[Stored items]
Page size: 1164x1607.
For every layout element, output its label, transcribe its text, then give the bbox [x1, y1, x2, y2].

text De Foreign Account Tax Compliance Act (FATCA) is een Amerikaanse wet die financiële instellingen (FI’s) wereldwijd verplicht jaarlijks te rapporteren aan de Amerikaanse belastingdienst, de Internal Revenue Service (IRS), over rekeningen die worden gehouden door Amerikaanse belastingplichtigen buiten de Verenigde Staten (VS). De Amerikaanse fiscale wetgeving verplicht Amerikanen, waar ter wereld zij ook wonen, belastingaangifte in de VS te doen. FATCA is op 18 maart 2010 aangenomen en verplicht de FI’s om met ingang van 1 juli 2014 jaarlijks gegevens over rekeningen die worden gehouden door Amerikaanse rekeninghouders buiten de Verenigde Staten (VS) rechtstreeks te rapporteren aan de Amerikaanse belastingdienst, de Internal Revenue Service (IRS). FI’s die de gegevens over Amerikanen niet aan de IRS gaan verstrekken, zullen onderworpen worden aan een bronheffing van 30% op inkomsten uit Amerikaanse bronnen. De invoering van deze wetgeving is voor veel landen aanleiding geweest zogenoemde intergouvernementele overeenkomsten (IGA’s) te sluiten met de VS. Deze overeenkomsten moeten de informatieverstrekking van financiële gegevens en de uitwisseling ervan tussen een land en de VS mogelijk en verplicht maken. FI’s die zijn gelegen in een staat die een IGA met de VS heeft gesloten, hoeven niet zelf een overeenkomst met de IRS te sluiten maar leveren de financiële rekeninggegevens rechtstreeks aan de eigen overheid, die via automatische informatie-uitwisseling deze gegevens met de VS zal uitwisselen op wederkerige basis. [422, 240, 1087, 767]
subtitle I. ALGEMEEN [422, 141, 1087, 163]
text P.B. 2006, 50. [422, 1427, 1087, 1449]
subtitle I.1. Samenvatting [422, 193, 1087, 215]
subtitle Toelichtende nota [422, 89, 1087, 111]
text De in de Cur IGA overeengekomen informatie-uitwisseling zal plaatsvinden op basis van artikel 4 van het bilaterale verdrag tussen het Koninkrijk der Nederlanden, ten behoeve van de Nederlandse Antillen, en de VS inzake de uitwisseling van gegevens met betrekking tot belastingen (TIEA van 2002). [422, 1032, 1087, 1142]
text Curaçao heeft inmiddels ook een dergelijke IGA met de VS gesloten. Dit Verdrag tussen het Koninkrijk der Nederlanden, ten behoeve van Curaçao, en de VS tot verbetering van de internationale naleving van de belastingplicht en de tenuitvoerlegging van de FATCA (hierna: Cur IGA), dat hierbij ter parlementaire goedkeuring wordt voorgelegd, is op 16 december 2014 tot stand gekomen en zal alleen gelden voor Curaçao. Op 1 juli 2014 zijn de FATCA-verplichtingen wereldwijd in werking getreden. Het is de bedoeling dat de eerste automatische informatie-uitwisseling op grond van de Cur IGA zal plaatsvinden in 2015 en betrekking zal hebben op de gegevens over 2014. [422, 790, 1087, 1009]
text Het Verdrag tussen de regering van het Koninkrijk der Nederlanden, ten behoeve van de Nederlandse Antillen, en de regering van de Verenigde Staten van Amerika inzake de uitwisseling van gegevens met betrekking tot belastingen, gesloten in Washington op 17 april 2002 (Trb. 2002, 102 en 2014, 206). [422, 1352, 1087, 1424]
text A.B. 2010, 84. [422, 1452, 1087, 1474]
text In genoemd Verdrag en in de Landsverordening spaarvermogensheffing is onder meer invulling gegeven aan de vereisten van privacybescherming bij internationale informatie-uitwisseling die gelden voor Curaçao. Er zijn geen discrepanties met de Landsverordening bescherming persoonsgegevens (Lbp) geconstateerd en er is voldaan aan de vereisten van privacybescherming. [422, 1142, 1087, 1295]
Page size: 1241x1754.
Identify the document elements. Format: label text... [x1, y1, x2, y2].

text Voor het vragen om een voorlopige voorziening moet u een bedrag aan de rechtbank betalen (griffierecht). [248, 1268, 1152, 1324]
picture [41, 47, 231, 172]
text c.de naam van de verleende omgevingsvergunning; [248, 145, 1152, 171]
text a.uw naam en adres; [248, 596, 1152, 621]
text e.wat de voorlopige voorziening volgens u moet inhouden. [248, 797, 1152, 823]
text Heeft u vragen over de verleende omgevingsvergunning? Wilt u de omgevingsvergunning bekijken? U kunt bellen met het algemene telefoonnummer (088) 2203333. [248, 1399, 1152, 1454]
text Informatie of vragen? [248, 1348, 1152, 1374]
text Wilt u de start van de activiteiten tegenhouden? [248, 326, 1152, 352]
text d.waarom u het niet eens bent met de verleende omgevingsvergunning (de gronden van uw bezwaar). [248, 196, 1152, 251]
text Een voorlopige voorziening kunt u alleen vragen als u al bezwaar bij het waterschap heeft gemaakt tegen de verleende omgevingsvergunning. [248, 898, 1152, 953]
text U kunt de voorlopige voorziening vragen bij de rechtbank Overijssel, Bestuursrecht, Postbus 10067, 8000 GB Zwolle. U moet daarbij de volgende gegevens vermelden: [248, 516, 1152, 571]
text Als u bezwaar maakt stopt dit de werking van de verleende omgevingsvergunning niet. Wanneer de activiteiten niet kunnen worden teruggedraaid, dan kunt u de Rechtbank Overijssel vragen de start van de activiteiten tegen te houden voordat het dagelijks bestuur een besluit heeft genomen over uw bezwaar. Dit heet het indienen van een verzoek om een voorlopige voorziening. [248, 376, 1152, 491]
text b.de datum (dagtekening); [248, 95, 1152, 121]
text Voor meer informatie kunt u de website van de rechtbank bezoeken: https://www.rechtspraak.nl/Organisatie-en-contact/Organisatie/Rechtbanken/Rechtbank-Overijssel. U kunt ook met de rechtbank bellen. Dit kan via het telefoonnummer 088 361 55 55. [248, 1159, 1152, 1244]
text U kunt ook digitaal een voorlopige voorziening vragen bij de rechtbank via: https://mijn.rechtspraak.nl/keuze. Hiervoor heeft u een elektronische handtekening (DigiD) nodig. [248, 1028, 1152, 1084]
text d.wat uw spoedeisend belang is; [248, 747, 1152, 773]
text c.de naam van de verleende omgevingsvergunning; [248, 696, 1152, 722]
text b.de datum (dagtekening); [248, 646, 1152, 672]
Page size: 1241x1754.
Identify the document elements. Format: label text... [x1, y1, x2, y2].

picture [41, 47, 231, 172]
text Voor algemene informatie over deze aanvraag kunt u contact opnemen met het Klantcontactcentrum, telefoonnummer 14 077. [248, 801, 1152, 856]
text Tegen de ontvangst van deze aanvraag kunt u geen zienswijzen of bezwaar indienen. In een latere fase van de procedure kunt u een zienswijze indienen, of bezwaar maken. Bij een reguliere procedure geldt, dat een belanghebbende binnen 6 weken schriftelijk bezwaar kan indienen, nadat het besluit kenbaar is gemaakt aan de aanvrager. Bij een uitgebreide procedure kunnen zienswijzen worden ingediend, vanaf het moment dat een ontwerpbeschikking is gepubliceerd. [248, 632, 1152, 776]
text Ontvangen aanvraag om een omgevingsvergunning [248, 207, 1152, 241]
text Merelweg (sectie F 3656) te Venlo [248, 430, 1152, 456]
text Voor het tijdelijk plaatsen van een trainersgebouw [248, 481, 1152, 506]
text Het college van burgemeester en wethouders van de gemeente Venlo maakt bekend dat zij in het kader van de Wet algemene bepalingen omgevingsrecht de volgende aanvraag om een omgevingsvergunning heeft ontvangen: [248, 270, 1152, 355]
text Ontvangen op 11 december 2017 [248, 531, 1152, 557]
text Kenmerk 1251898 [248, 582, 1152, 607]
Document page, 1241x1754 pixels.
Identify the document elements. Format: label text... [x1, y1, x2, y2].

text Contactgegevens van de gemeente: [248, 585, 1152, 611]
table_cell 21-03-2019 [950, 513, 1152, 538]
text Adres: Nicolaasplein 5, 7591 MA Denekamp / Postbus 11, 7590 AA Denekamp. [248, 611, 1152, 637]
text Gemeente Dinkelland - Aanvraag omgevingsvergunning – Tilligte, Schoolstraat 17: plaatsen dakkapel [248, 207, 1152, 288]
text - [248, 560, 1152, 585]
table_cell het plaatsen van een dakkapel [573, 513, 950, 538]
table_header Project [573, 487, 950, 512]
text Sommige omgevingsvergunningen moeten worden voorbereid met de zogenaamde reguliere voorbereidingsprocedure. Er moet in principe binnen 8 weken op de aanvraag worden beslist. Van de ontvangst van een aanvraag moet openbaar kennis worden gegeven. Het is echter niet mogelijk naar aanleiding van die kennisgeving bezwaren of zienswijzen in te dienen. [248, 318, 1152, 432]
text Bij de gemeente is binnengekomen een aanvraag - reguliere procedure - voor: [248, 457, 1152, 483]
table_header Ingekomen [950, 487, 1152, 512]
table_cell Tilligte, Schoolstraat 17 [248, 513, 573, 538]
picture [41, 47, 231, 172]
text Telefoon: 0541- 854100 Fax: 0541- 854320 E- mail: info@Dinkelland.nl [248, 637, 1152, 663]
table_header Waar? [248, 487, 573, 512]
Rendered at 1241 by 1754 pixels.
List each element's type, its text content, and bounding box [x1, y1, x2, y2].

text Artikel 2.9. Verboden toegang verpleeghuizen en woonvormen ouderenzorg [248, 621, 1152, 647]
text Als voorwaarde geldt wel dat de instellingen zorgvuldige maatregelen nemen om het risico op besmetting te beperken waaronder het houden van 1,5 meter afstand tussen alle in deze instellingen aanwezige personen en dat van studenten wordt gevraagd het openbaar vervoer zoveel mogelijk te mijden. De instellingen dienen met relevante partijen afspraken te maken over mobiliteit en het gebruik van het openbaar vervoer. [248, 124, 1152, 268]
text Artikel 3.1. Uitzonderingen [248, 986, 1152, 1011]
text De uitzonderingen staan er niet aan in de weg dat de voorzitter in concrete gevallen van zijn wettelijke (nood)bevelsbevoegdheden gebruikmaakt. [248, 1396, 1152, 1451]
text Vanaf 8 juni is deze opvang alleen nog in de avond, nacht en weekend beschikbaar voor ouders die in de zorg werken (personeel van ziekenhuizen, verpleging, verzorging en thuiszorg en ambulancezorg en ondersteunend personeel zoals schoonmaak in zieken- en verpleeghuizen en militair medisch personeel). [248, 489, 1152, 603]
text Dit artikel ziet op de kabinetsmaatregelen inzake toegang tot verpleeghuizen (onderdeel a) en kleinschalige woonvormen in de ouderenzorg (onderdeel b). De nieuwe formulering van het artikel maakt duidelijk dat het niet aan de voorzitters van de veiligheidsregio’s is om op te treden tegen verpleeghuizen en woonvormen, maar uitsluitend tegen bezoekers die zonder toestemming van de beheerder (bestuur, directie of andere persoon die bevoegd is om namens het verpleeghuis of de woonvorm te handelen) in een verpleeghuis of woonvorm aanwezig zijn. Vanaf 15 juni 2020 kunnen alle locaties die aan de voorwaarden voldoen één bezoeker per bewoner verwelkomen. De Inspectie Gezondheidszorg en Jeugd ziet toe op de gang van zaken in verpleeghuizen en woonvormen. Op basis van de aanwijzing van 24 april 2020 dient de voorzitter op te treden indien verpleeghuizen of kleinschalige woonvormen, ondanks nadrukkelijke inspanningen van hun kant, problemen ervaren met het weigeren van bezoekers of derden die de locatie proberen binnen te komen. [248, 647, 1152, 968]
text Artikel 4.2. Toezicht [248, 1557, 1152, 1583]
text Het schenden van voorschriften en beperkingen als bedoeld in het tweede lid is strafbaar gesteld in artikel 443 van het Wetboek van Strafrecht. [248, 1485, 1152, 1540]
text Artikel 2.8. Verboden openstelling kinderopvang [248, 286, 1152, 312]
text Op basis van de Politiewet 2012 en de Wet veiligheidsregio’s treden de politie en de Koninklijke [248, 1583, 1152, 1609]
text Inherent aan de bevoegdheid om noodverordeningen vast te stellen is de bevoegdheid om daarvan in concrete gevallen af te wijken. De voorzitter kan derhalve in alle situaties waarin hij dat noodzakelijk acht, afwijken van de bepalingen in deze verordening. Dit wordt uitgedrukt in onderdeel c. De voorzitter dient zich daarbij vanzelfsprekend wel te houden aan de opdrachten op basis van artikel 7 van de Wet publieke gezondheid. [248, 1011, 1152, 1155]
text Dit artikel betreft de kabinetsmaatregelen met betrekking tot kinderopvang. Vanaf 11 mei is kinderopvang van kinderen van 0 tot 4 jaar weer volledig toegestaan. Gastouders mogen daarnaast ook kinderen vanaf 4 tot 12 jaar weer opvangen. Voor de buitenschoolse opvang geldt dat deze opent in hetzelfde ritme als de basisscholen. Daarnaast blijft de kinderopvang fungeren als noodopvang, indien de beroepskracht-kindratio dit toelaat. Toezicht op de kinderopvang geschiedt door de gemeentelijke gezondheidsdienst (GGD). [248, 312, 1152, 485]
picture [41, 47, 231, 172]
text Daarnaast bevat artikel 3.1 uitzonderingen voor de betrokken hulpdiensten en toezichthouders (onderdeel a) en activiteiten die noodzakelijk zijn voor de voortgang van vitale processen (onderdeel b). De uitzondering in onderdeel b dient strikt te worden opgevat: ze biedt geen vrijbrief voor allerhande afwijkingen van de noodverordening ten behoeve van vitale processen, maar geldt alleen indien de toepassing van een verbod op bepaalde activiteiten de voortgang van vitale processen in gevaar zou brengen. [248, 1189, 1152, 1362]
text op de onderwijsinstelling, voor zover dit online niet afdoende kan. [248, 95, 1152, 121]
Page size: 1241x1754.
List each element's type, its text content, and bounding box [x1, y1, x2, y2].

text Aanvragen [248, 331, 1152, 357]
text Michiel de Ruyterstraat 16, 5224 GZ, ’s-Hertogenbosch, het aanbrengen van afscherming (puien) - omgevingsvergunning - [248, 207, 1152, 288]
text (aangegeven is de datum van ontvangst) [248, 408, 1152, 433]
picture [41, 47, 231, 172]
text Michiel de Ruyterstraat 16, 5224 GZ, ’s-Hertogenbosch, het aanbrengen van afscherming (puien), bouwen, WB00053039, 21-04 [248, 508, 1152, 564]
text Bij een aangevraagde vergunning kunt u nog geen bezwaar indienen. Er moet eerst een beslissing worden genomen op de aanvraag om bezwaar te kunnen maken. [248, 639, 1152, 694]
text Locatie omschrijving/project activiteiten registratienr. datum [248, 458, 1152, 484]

**Exercise requirements**
The answer is the lines above between the line holding "text b.de datum (dagtekening); [248, 95, 1152, 121]" and the line holding "text Adres: Nicolaasplein", inclusive, each written out exactly, and no others.

**Task output**
text b.de datum (dagtekening); [248, 95, 1152, 121]
text Voor meer informatie kunt u de website van de rechtbank bezoeken: https://www.rechtspraak.nl/Organisatie-en-contact/Organisatie/Rechtbanken/Rechtbank-Overijssel. U kunt ook met de rechtbank bellen. Dit kan via het telefoonnummer 088 361 55 55. [248, 1159, 1152, 1244]
text U kunt ook digitaal een voorlopige voorziening vragen bij de rechtbank via: https://mijn.rechtspraak.nl/keuze. Hiervoor heeft u een elektronische handtekening (DigiD) nodig. [248, 1028, 1152, 1084]
text d.wat uw spoedeisend belang is; [248, 747, 1152, 773]
text c.de naam van de verleende omgevingsvergunning; [248, 696, 1152, 722]
text b.de datum (dagtekening); [248, 646, 1152, 672]
Page size: 1241x1754.
Identify the document elements. Format: label text... [x1, y1, x2, y2].

picture [41, 47, 231, 172]
text Voor algemene informatie over deze aanvraag kunt u contact opnemen met het Klantcontactcentrum, telefoonnummer 14 077. [248, 801, 1152, 856]
text Tegen de ontvangst van deze aanvraag kunt u geen zienswijzen of bezwaar indienen. In een latere fase van de procedure kunt u een zienswijze indienen, of bezwaar maken. Bij een reguliere procedure geldt, dat een belanghebbende binnen 6 weken schriftelijk bezwaar kan indienen, nadat het besluit kenbaar is gemaakt aan de aanvrager. Bij een uitgebreide procedure kunnen zienswijzen worden ingediend, vanaf het moment dat een ontwerpbeschikking is gepubliceerd. [248, 632, 1152, 776]
text Ontvangen aanvraag om een omgevingsvergunning [248, 207, 1152, 241]
text Merelweg (sectie F 3656) te Venlo [248, 430, 1152, 456]
text Voor het tijdelijk plaatsen van een trainersgebouw [248, 481, 1152, 506]
text Het college van burgemeester en wethouders van de gemeente Venlo maakt bekend dat zij in het kader van de Wet algemene bepalingen omgevingsrecht de volgende aanvraag om een omgevingsvergunning heeft ontvangen: [248, 270, 1152, 355]
text Ontvangen op 11 december 2017 [248, 531, 1152, 557]
text Kenmerk 1251898 [248, 582, 1152, 607]
Document page, 1241x1754 pixels.
Identify the document elements. Format: label text... [x1, y1, x2, y2].

text Contactgegevens van de gemeente: [248, 585, 1152, 611]
table_cell 21-03-2019 [950, 513, 1152, 538]
text Adres: Nicolaasplein 5, 7591 MA Denekamp / Postbus 11, 7590 AA Denekamp. [248, 611, 1152, 637]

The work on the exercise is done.